To show the effects of random initialization on the performance of a neural net run 5

iterations of testPenData and testCarData with default parameters and report the max,

average, and standard deviation of the accuracy.

You should write your own code that uses the functions of Testing.py and NeuralNet.py to

run the model and obtain results

Question 6 (4 points): Varying the Hidden Layer

Vary the amount of perceptrons in the hidden layer from 0 to 40 inclusive in increments of

5, and get the max, average, and standard deviation of 5 runs of testPenData and testCarData

for each number of perceptrons.

Report the results in a table. Additionally, produce a learning curve with the number of

hidden layer perceptrons being the independent variable and the average accuracy being the

dependent variable. Briefly discuss any notable trends you noticed related to increasing the

size of the hidden layer has in your neural net.

Again you should write your own code that uses the functions of Testing.py and

NeuralNet.py to do this.

Extra Credit:

Question 7 (2 points Extra Credit): Learning XOR

As you’ve learned in class, adding the hidden layer allows Neural Nets to learn nonlinear

functions such as XOR. To show this in effect, produce the set of examples needed to train a

neural net to compute a 2 variable XOR function.

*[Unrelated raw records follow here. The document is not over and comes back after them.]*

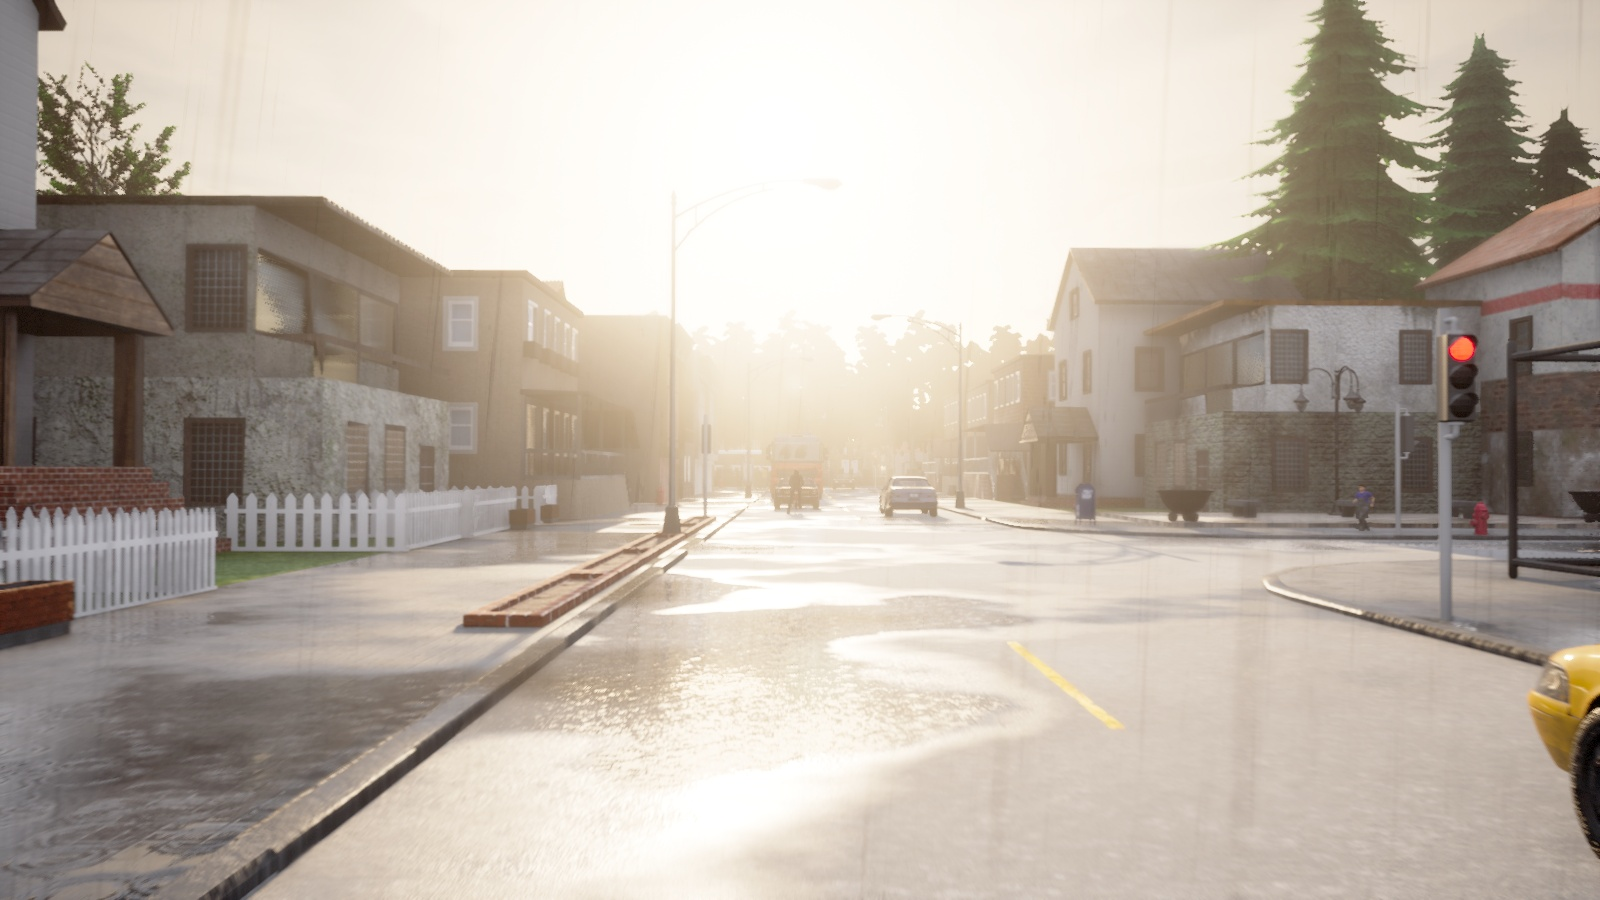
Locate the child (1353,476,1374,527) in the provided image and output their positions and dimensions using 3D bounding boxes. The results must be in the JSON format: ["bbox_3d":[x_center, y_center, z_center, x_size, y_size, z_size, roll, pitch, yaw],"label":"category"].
[{"bbox_3d":[14.076,1.270,31.362,0.437,1.263,0.270,0,-1,-30],"label":"child"}]

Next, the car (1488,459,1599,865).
[{"bbox_3d":[3.928,0.788,2.996,1.801,1.575,5.366,0,-1,2],"label":"car"}]

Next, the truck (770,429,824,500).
[{"bbox_3d":[-0.177,0.855,71.940,2.891,3.827,8.468,0,-1,0],"label":"truck"}]

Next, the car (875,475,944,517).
[{"bbox_3d":[3.890,1.606,45.345,2.033,1.411,5.357,0,-1,0],"label":"car"}]

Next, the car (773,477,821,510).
[{"bbox_3d":[-0.127,1.802,52.976,1.895,1.301,4.718,0,-1,0],"label":"car"}]

Train a neural net without a hidden layer in it and report the behavior. Then, run it on neural

nets starting with 1 perceptron in the hidden layer and increasing until the performance

begins to fall. The expected behavior is the performance to increase until a certain point and

then begin to fall.

Report the performance statistics of each run and write any conclusions and observations

you can draw.

If you choose to complete Question 7 you should include all the extra code needed in

Testing.py (and maybe NeuralNet.py but this shouldn’t be needed) and explain its

functionality in the Analysis PDF. You are free to use screenshots, pseudocode, comments,

and any other ways to explain how you build your network and why. Additionally, you must

submit the data you used to train your model as xor_data.txt

Deliverables:

• NeuralNet.py

• Testing.py

• Analysis.pdf

• xor_data.txt (if you completed the extra credit Q7)

PyPy:

“If you want your code to run faster you should probably just use PyPy.”

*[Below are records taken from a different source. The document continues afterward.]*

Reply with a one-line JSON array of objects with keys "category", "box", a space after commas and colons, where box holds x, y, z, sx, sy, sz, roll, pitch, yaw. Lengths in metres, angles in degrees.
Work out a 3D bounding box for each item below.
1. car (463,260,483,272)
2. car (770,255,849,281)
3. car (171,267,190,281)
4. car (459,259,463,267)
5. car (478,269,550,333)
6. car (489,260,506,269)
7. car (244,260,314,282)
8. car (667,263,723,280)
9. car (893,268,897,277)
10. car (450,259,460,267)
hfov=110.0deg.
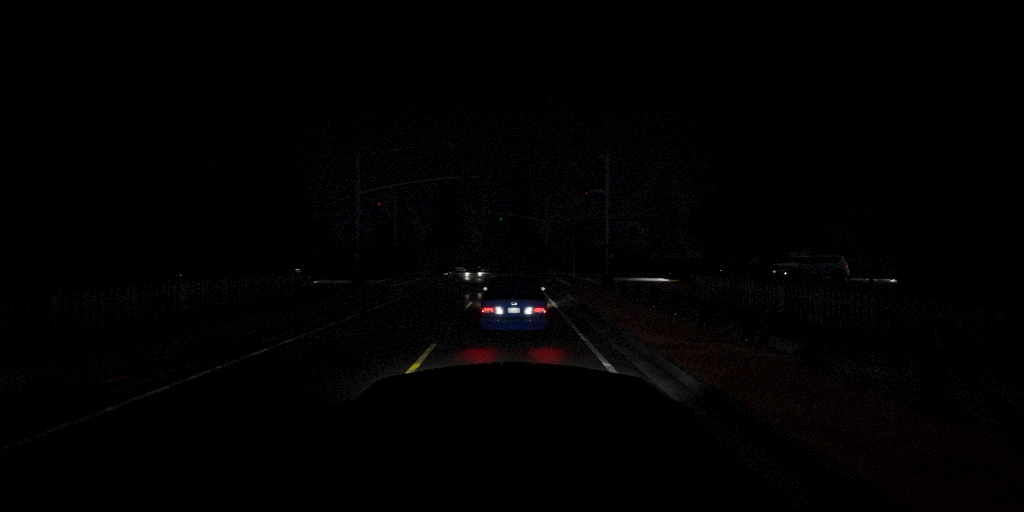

– Guido van Rossum (creator of Python)

What is PyPy?

PyPy is an implementation of Python different than the “default” implementation you have

been using all this time, which is CPython, this means that PyPy has a different way of

interpreting your .py source code and executing it.

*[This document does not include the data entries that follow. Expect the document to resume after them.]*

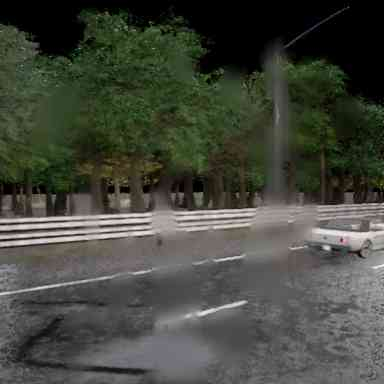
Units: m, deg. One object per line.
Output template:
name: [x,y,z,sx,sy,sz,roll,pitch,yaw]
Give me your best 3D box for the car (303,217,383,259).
car: [6.396,1.601,12.603,4.718,1.301,1.895,0,0,-35]
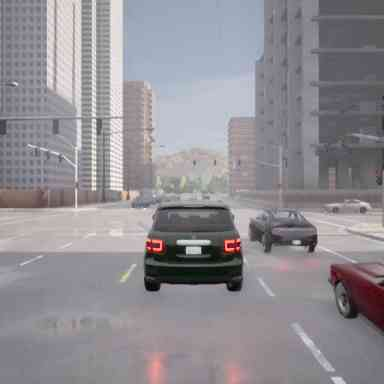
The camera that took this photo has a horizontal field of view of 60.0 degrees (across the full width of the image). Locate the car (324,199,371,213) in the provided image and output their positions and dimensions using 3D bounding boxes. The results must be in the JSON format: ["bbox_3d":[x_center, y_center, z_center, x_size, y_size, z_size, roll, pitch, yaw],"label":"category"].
[{"bbox_3d":[16.561,1.520,35.524,4.674,1.442,1.812,0,0,0],"label":"car"}]

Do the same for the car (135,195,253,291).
[{"bbox_3d":[0.038,1.220,9.107,2.150,2.045,5.566,0,0,0],"label":"car"}]

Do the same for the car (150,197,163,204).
[{"bbox_3d":[-7.059,1.589,66.159,1.895,1.301,4.718,0,0,1],"label":"car"}]

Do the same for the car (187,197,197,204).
[{"bbox_3d":[0.076,1.589,66.515,1.895,1.301,4.718,0,0,1],"label":"car"}]

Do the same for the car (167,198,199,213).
[{"bbox_3d":[-0.944,1.485,39.041,2.128,1.511,4.902,0,0,19],"label":"car"}]

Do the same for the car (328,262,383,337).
[{"bbox_3d":[3.592,1.600,4.429,1.895,1.301,4.718,0,0,0],"label":"car"}]

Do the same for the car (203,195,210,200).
[{"bbox_3d":[3.803,1.485,89.805,1.837,1.490,4.892,0,0,1],"label":"car"}]

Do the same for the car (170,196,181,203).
[{"bbox_3d":[-3.458,1.540,71.325,1.994,1.385,4.181,0,0,1],"label":"car"}]

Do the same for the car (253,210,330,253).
[{"bbox_3d":[3.547,1.489,13.683,2.128,1.511,4.902,0,0,0],"label":"car"}]

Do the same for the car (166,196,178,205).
[{"bbox_3d":[-3.654,1.494,61.561,1.837,1.490,4.892,0,0,1],"label":"car"}]

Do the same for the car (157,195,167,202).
[{"bbox_3d":[-6.886,1.484,76.478,1.837,1.490,4.892,0,0,1],"label":"car"}]

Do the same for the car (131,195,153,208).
[{"bbox_3d":[-7.358,1.344,47.917,2.097,1.767,4.553,0,0,1],"label":"car"}]

The specific reasons why PyPy is so much faster than CPython is beyond the scope of this

class so we won’t get much in detail apart from saying Pypy uses “just-in-time compilation”,

meaning it compiles the code as it is executing it instead of simply interpreting the

instructions on a script as it goes. If you’re interested in understanding more about the

backend reasons for this difference the Wikipedia page for PyPy is a good stating point for

you to start poking around the hyperlinks to all these concepts.

How do I use Pypy?

First install it directly from the source: https://www.pypy.org/download.html

Once you install PyPy for your OS you can use it to run Python source code by typing:

pypy filename.py

instead of the usual:

py filename.py

Note that to use PyPy to run the code for your analysis questions you do not have to change

anything in NeuralNet.py or Testing.py, and you don’t have to write code any differently than

“regular” Python for this to work!

Just write the code for your project like you would normally do, and run the PyPy command

for your files!

Do I have to use PyPy for this project?

No! We are not mandating that students download PyPy and use it to run their code, however

the TAs strongly advise that you do, otherwise be prepared to potentially have to wait for up

to 3-4 hours each time you want to run your code for questions 5 to 7.